#### Record extracts

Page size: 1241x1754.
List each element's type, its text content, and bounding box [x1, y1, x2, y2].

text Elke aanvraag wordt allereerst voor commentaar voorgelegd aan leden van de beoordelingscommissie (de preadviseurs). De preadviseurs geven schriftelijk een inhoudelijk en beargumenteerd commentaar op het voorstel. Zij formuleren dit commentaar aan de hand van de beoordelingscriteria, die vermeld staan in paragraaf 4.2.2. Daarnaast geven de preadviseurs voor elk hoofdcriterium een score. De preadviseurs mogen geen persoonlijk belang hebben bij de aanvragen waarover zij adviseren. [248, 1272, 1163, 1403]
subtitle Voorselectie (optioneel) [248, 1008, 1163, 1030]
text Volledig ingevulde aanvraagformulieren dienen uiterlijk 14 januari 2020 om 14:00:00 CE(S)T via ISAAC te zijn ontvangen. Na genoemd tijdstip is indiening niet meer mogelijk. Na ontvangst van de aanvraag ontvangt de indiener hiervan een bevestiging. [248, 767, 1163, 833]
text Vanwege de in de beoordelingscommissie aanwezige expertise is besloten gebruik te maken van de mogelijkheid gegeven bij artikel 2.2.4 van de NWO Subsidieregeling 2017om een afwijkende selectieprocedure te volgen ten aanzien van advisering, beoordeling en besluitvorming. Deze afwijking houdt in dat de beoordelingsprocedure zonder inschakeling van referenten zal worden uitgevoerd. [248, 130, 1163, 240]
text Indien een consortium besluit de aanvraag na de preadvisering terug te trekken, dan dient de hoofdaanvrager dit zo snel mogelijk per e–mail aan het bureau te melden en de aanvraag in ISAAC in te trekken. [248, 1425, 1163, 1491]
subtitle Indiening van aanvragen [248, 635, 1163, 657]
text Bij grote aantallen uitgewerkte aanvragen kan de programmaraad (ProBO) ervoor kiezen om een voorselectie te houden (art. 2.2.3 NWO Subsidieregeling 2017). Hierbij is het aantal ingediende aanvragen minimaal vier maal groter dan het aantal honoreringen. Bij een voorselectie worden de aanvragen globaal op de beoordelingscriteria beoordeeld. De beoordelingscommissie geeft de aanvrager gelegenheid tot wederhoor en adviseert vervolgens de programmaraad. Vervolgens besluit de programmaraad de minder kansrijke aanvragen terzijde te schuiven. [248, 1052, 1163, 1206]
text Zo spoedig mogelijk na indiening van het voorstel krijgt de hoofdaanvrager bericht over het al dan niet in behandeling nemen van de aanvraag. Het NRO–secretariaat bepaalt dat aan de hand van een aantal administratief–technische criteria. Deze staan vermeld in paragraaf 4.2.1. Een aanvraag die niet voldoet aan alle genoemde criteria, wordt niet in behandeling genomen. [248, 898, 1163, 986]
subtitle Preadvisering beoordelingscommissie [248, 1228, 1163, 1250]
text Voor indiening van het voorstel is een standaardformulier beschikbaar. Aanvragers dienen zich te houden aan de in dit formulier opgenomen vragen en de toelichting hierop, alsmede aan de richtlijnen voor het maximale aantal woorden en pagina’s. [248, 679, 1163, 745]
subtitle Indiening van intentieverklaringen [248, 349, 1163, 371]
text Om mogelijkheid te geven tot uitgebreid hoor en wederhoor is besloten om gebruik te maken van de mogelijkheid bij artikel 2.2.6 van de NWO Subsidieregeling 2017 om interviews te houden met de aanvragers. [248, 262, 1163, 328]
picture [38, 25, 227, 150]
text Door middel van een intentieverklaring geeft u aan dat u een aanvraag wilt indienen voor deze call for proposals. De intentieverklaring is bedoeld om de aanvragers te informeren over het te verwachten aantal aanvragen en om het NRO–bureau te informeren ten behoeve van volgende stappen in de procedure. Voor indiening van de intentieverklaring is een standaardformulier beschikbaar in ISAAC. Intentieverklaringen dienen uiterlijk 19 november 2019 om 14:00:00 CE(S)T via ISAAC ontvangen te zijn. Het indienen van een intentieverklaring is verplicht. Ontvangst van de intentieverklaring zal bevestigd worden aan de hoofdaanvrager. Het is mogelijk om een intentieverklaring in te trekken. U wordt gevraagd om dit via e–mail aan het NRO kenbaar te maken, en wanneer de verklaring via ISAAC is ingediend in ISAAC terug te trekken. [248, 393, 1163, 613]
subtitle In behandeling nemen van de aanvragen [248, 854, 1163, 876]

########

» Exercise requirements
Return the whole of the data, character for character.

» Completed exercise
Page size: 1241x1754.
List each element's type, its text content, and bounding box [x1, y1, x2, y2].

text Elke aanvraag wordt allereerst voor commentaar voorgelegd aan leden van de beoordelingscommissie (de preadviseurs). De preadviseurs geven schriftelijk een inhoudelijk en beargumenteerd commentaar op het voorstel. Zij formuleren dit commentaar aan de hand van de beoordelingscriteria, die vermeld staan in paragraaf 4.2.2. Daarnaast geven de preadviseurs voor elk hoofdcriterium een score. De preadviseurs mogen geen persoonlijk belang hebben bij de aanvragen waarover zij adviseren. [248, 1272, 1163, 1403]
subtitle Voorselectie (optioneel) [248, 1008, 1163, 1030]
text Volledig ingevulde aanvraagformulieren dienen uiterlijk 14 januari 2020 om 14:00:00 CE(S)T via ISAAC te zijn ontvangen. Na genoemd tijdstip is indiening niet meer mogelijk. Na ontvangst van de aanvraag ontvangt de indiener hiervan een bevestiging. [248, 767, 1163, 833]
text Vanwege de in de beoordelingscommissie aanwezige expertise is besloten gebruik te maken van de mogelijkheid gegeven bij artikel 2.2.4 van de NWO Subsidieregeling 2017om een afwijkende selectieprocedure te volgen ten aanzien van advisering, beoordeling en besluitvorming. Deze afwijking houdt in dat de beoordelingsprocedure zonder inschakeling van referenten zal worden uitgevoerd. [248, 130, 1163, 240]
text Indien een consortium besluit de aanvraag na de preadvisering terug te trekken, dan dient de hoofdaanvrager dit zo snel mogelijk per e–mail aan het bureau te melden en de aanvraag in ISAAC in te trekken. [248, 1425, 1163, 1491]
subtitle Indiening van aanvragen [248, 635, 1163, 657]
text Bij grote aantallen uitgewerkte aanvragen kan de programmaraad (ProBO) ervoor kiezen om een voorselectie te houden (art. 2.2.3 NWO Subsidieregeling 2017). Hierbij is het aantal ingediende aanvragen minimaal vier maal groter dan het aantal honoreringen. Bij een voorselectie worden de aanvragen globaal op de beoordelingscriteria beoordeeld. De beoordelingscommissie geeft de aanvrager gelegenheid tot wederhoor en adviseert vervolgens de programmaraad. Vervolgens besluit de programmaraad de minder kansrijke aanvragen terzijde te schuiven. [248, 1052, 1163, 1206]
text Zo spoedig mogelijk na indiening van het voorstel krijgt de hoofdaanvrager bericht over het al dan niet in behandeling nemen van de aanvraag. Het NRO–secretariaat bepaalt dat aan de hand van een aantal administratief–technische criteria. Deze staan vermeld in paragraaf 4.2.1. Een aanvraag die niet voldoet aan alle genoemde criteria, wordt niet in behandeling genomen. [248, 898, 1163, 986]
subtitle Preadvisering beoordelingscommissie [248, 1228, 1163, 1250]
text Voor indiening van het voorstel is een standaardformulier beschikbaar. Aanvragers dienen zich te houden aan de in dit formulier opgenomen vragen en de toelichting hierop, alsmede aan de richtlijnen voor het maximale aantal woorden en pagina’s. [248, 679, 1163, 745]
subtitle Indiening van intentieverklaringen [248, 349, 1163, 371]
text Om mogelijkheid te geven tot uitgebreid hoor en wederhoor is besloten om gebruik te maken van de mogelijkheid bij artikel 2.2.6 van de NWO Subsidieregeling 2017 om interviews te houden met de aanvragers. [248, 262, 1163, 328]
picture [38, 25, 227, 150]
text Door middel van een intentieverklaring geeft u aan dat u een aanvraag wilt indienen voor deze call for proposals. De intentieverklaring is bedoeld om de aanvragers te informeren over het te verwachten aantal aanvragen en om het NRO–bureau te informeren ten behoeve van volgende stappen in de procedure. Voor indiening van de intentieverklaring is een standaardformulier beschikbaar in ISAAC. Intentieverklaringen dienen uiterlijk 19 november 2019 om 14:00:00 CE(S)T via ISAAC ontvangen te zijn. Het indienen van een intentieverklaring is verplicht. Ontvangst van de intentieverklaring zal bevestigd worden aan de hoofdaanvrager. Het is mogelijk om een intentieverklaring in te trekken. U wordt gevraagd om dit via e–mail aan het NRO kenbaar te maken, en wanneer de verklaring via ISAAC is ingediend in ISAAC terug te trekken. [248, 393, 1163, 613]
subtitle In behandeling nemen van de aanvragen [248, 854, 1163, 876]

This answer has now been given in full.